3 Jul


Trickle down economics photo 53-Graphic_zpsiozlropw.jpgAll kinds of statistics get thrown at us, usually involving inconceivable huge sums of money. If we took the time to research them we’d find they all amounted to one thing, not only here in the UK but in every first world country on the planet.

Our nation’s treasury has got to balance its books and those in charge of doing the balancing don’t want to have to lose out. After all, when you’re wealthy you want to stay that way, and part of being a Tory (conservative) is to be wealthy. It’s almost mandatory.

Most of the population isn’t really wealthy although quite a few are tricked into believing the only way to future prosperity is the Tory way. It’s not true, of course, but easily believed because, after all, aren’t the folks telling us this mostly as rich as Croesus and won’t we be the same if we follow their example?


If we follow their example we reckon that we’ll end up on a level playing field, but the sods we run on won’t be edged with gold. It’s obvious really. You only really get embarrassingly rich by diverting little bits from everyone who isn’t, and funnelling it into your bank account, and if we’re all the same that can’t be so easily done – or am I missing something?

Back in the 1980s Ronald Reagan and Margaret Thatcher in their separate fiefdoms got the idea that if you loaded the richest people with even more money then some of it would trickle down and maybe land in the pockets of the poorest. So they cut taxes at the top end. For themselves and their chums.

It was a crap notion and didn’t work because people aren’t like that, and anyway it’s the most offensive thing to tell a population of paupers. But neither Reagan nor Thatcher thought there was much wrong with offending those less fortunate than themselves and were happy to espouse the virtues of trickle-down economics. It tended to work like this: taxes were cut for the rich who have bank accounts in tax-free havens where they could squirrel their money away leading to greater inequality between the haves and the have-nots leading to more borrowing by the poor leading to the economy slowing down as they default, finally leading to slower growth.
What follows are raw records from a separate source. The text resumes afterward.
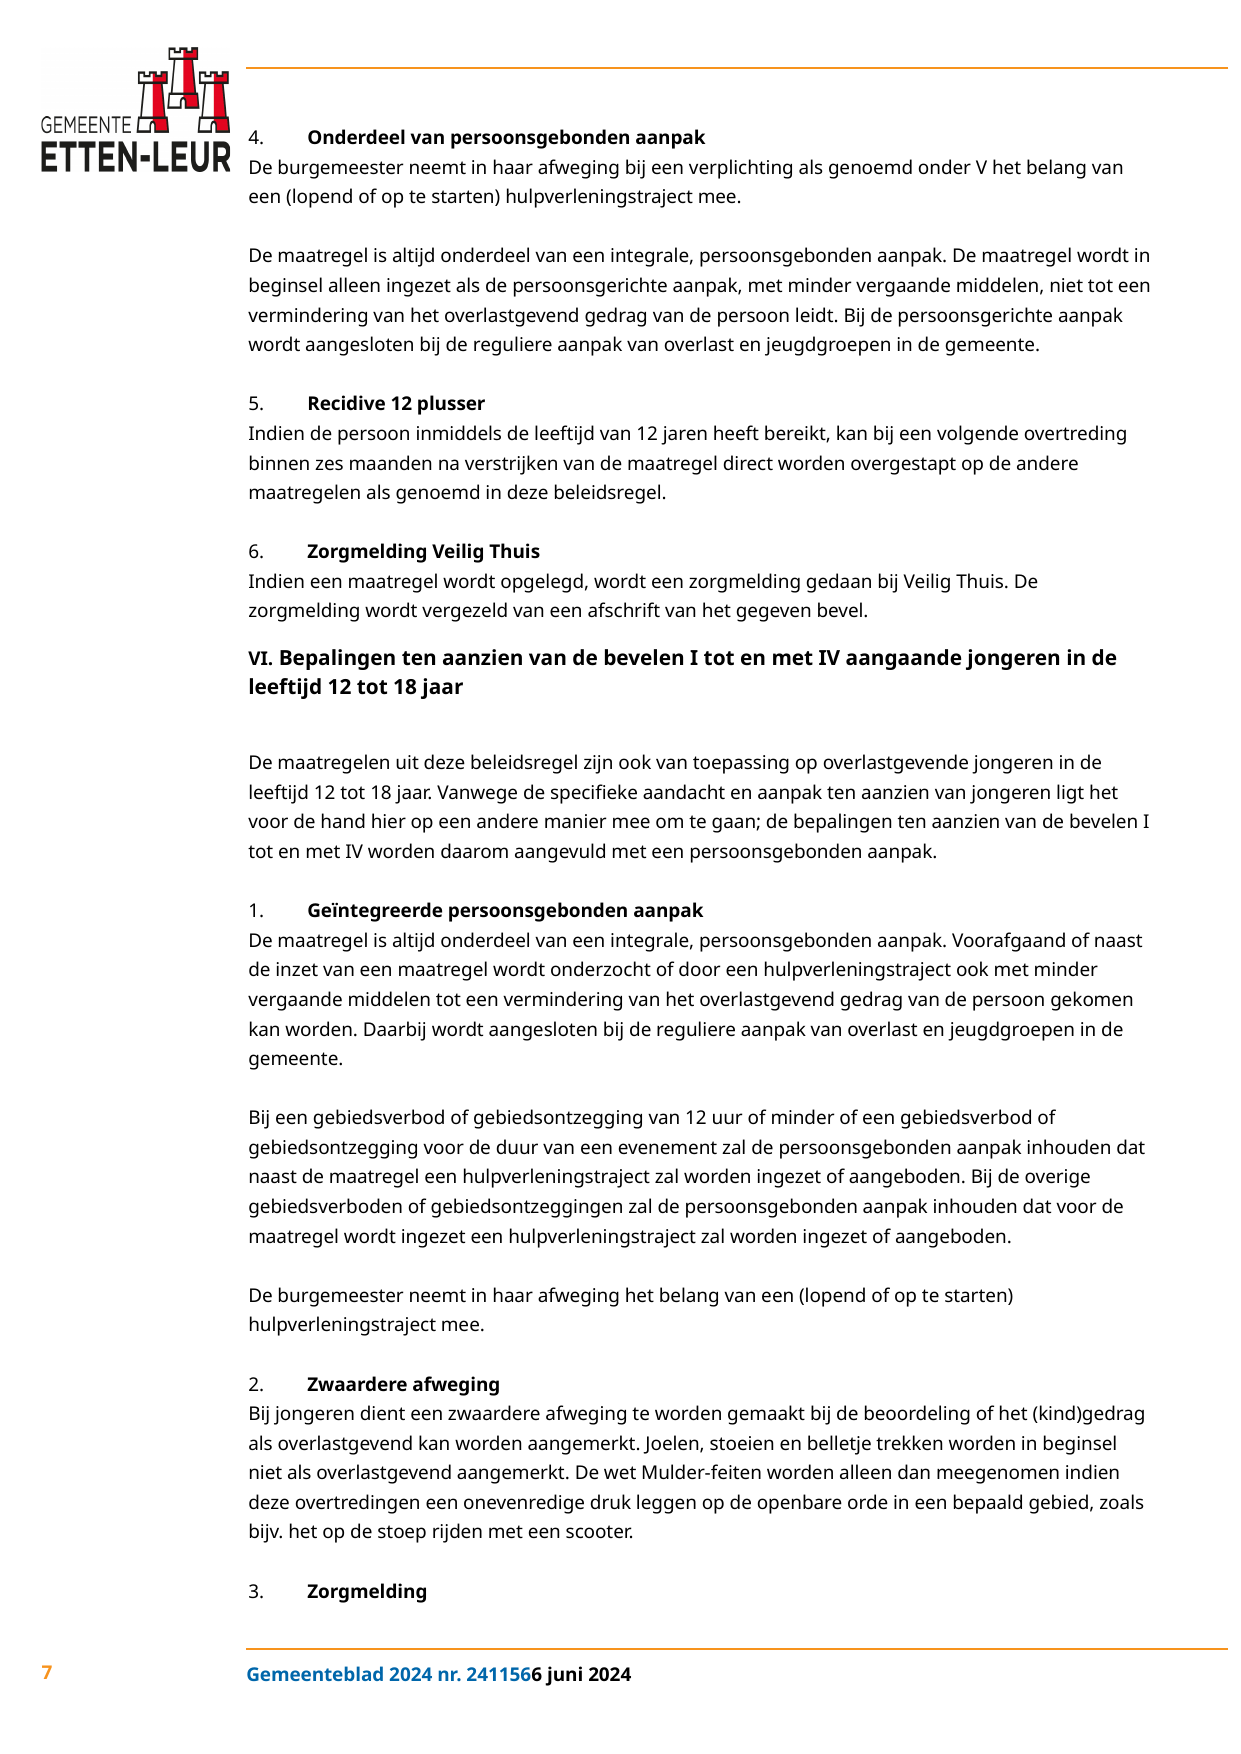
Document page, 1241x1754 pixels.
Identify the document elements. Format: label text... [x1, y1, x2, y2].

list Zorgmelding Veilig Thuis [248, 538, 1152, 564]
text VI. Bepalingen ten aanzien van de bevelen I tot en met IV aangaande jongeren in de leeftijd 12 tot 18 jaar [248, 643, 1152, 700]
text De burgemeester neemt in haar afweging het belang van een (lopend of op te starten) hulpverleningstraject mee. [248, 1282, 1152, 1337]
list Geïntegreerde persoonsgebonden aanpak [248, 897, 1152, 923]
text De burgemeester neemt in haar afweging bij een verplichting als genoemd onder V het belang van een (lopend of op te starten) hulpverleningstraject mee. [248, 154, 1152, 209]
list Zorgmelding [248, 1578, 1152, 1603]
text De maatregel is altijd onderdeel van een integrale, persoonsgebonden aanpak. Voorafgaand of naast de inzet van een maatregel wordt onderzocht of door een hulpverleningstraject ook met minder vergaande middelen tot een vermindering van het overlastgevend gedrag van de persoon gekomen kan worden. Daarbij wordt aangesloten bij de reguliere aanpak van overlast en jeugdgroepen in de gemeente. [248, 927, 1152, 1071]
list Onderdeel van persoonsgebonden aanpak [248, 124, 1152, 150]
list Zwaardere afweging [248, 1371, 1152, 1396]
picture [41, 47, 231, 172]
text De maatregel is altijd onderdeel van een integrale, persoonsgebonden aanpak. De maatregel wordt in beginsel alleen ingezet als de persoonsgerichte aanpak, met minder vergaande middelen, niet tot een vermindering van het overlastgevend gedrag van de persoon leidt. Bij de persoonsgerichte aanpak wordt aangesloten bij de reguliere aanpak van overlast en jeugdgroepen in de gemeente. [248, 243, 1152, 357]
text Indien een maatregel wordt opgelegd, wordt een zorgmelding gedaan bij Veilig Thuis. De zorgmelding wordt vergezeld van een afschrift van het gegeven bevel. [248, 568, 1152, 623]
list Recidive 12 plusser [248, 391, 1152, 416]
text Bij jongeren dient een zwaardere afweging te worden gemaakt bij de beoordeling of het (kind)gedrag als overlastgevend kan worden aangemerkt. Joelen, stoeien en belletje trekken worden in beginsel niet als overlastgevend aangemerkt. De wet Mulder-feiten worden alleen dan meegenomen indien deze overtredingen een onevenredige druk leggen op de openbare orde in een bepaald gebied, zoals bijv. het op de stoep rijden met een scooter. [248, 1400, 1152, 1544]
text Bij een gebiedsverbod of gebiedsontzegging van 12 uur of minder of een gebiedsverbod of gebiedsontzegging voor de duur van een evenement zal de persoonsgebonden aanpak inhouden dat naast de maatregel een hulpverleningstraject zal worden ingezet of aangeboden. Bij de overige gebiedsverboden of gebiedsontzeggingen zal de persoonsgebonden aanpak inhouden dat voor de maatregel wordt ingezet een hulpverleningstraject zal worden ingezet of aangeboden. [248, 1104, 1152, 1248]
text Indien de persoon inmiddels de leeftijd van 12 jaren heeft bereikt, kan bij een volgende overtreding binnen zes maanden na verstrijken van de maatregel direct worden overgestapt op de andere maatregelen als genoemd in deze beleidsregel. [248, 420, 1152, 505]
text De maatregelen uit deze beleidsregel zijn ook van toepassing op overlastgevende jongeren in de leeftijd 12 tot 18 jaar. Vanwege de specifieke aandacht en aanpak ten aanzien van jongeren ligt het voor de hand hier op een andere manier mee om te gaan; de bepalingen ten aanzien van de bevelen I tot en met IV worden daarom aangevuld met een persoonsgebonden aanpak. [248, 749, 1152, 864]

But the worst element of it was the notion that money trickling down from overflowing pockets just might benefit the poor. It’s not at all pleasant being told you can take the scraps off someone else’s table, or starve. It divided society even more into the haves and the have-nots.

But in the UK that didn’t matter. The Prime Minister declared that there was no such thing as society anyway and proceeded to prove her point by having a personal vendetta against the mining industry among several other vital elements of our economy, like steel.

Miners may have believed they deserved a bigger slice of the cake. After all, they risked their lives every day that they worked underground yet those who owned the cake rarely risked anything at all. And that’s a fact. Mining accidents, underground explosions etc. killed and maimed many, many men whilst the Prime Minister with the vendetta barely squeezed a pimple and not a penny from her pocket trickled down to anyone.

But that was and still is the Tory way. There’s still an economic crises, as a nation we don’t earn enough. And why might that be? Because the woman in charge several decades ago destroyed industries in order to prove a personal point that I’ve never understood. We’re suffering still – at least, the poor are.

Because it’s they who will find their budgets squeezed further by a Government that was elected by a minority, and all because of gross incompetence by an earlier government, in the 1980s.

And will somebody explain why, when that earlier prime minister died, we had to fork out over three million pounds to bury her?

It just doesn’t make sense, it didn’t then, though I was glad to see her go.